The Jaccard matrix print to the output is disabled (line 444 (per batch), 472). The 0.04 is the time for the computation.
from jaccard-ctf.
Hello again,
I ran the following command on my gzipped test data:
mpirun -np 1 ~/jaccard-ctf/fasta_reader -n 2 -k 4 -perc 1.0 -lfile input_list.txt -infolderPath test_data/ -outfolderPath test_data_inMformat -reverse_complement 0
The file input turns out to be -lfile
not -listfile
, but the job finished.
The output is not what I expected however:
ls test_data_inMformat/ SRS011.txt
There's only a single output file. Should that be the case if I provided two input files? SRS011061.fa.gz & SRS011086.fa.gz
. Does this make sense based on the contents of SRS011.txt
?
from jaccard-ctf.
hello,
Yes, sorry, it is -lfile
. Thank you.
Yes, the output does not seem to be what is expected.
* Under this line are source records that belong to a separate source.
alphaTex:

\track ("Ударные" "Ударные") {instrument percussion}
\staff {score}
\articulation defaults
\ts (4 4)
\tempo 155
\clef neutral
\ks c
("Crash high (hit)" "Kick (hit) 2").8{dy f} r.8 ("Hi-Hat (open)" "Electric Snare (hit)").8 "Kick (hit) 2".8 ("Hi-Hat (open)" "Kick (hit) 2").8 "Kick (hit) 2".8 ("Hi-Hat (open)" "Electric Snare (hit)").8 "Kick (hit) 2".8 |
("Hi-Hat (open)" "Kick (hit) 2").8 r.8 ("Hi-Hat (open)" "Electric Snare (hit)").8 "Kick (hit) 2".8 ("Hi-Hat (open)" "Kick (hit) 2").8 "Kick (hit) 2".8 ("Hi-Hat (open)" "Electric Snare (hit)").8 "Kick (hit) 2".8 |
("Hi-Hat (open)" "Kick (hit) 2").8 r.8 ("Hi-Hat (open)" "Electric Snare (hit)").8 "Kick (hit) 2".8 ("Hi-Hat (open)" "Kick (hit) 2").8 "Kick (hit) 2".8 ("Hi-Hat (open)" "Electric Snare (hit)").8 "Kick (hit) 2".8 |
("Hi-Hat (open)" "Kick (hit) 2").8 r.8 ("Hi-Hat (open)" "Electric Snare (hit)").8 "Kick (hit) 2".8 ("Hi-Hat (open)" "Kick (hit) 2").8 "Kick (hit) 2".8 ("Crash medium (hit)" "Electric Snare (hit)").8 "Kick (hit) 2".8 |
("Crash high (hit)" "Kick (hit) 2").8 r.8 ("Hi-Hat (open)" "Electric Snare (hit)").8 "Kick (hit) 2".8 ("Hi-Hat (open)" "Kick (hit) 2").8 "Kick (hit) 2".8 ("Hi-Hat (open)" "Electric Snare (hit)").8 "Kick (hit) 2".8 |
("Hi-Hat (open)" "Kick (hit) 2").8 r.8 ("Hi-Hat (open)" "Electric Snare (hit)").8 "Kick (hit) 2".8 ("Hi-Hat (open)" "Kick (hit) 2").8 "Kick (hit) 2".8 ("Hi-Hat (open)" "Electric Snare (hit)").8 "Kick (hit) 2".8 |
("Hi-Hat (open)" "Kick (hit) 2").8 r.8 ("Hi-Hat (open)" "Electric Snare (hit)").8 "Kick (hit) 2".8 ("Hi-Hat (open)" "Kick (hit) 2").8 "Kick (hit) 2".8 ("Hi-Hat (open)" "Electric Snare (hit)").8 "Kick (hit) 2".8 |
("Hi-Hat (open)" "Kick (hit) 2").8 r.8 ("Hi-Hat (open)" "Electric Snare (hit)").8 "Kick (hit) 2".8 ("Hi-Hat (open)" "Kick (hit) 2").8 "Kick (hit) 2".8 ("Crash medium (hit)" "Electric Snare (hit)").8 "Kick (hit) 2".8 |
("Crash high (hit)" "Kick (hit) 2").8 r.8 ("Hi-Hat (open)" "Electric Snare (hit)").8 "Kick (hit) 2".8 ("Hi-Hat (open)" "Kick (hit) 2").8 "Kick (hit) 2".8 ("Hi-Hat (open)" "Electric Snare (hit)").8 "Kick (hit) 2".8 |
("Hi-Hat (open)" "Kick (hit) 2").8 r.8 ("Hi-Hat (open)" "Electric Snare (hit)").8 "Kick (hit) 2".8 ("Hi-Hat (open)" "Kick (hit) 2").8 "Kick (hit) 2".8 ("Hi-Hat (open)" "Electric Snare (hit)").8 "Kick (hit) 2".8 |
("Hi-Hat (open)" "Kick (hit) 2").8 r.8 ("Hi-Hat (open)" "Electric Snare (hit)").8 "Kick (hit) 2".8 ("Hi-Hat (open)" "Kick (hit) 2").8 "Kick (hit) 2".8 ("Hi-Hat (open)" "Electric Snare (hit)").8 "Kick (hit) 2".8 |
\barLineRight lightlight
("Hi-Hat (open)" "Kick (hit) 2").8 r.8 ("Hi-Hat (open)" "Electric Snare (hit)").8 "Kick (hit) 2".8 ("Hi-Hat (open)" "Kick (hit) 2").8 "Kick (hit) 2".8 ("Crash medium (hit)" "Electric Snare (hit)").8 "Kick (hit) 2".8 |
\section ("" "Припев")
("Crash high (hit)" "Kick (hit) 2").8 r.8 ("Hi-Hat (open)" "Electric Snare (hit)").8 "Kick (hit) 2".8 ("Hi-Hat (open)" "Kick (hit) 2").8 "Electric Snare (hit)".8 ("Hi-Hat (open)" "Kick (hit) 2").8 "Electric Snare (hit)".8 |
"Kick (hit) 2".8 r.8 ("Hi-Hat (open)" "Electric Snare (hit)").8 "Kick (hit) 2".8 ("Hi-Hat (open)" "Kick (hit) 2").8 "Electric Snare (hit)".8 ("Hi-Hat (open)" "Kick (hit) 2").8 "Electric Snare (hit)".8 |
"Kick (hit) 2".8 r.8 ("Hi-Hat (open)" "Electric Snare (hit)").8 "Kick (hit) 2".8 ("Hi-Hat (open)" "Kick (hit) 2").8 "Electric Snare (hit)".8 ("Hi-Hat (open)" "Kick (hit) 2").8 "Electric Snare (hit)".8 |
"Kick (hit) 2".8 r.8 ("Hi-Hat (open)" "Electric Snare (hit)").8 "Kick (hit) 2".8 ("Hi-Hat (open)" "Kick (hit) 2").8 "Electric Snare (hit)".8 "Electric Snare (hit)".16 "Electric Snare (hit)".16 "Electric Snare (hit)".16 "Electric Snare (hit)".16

There might be two things causing this:
- The maximum value of the kmer that will be written to the output file is
4 ^ (k - 1)
(not4 ^ k
). One of your files might have all kmer values > 64 (k = 4 was the input). - The file might be getting overwritten. In line
72
of the code we are only considering a substring of the input file name to generate an output file name. You might want to change that.
from jaccard-ctf.
Fixed the number of output files. Looks like line 72
only works with inputs that have the extension .fasta.gz
(len = 9 char).
I'm not sure what you mean in your first bullet point. It's only possible to save 64 unique k-mers of 4 even though my samples share 136 unique k-mers? What is k-mer 1 if not the first k-mer fasta_reader
encounters in a sample?
I also ran with -perc 2
and the output file was the same as SRS011.txt
, but counting up to 128 this time. Attached is the list of 136 k-mers found in both my input FASTA's. Might be worth noting that 100% of the k-mers in the two FASTA inputs are shared.
common_kmers.txt
from jaccard-ctf.
hello,
The percentage value is in the range (0, 1]. We added the same to help us process only slices of the input (BIGSI ~20TB) i.e., avoid generating k-mers in the file that are greater than a specified threshold for a test run. The perc should be 1.0 for the actual runs. The reported height for our dataset was 78,929,564,286 with 446,507 columns (files). If we want to generate the top 1% of these k-mers, perc=0.01 is specified, and only the set bits upto 789,295,642 are dumped as output. Line 133 is where we check the same. Since we use std::set
for storing the k-mers, and then iterate over it to generate the output, the output is sorted.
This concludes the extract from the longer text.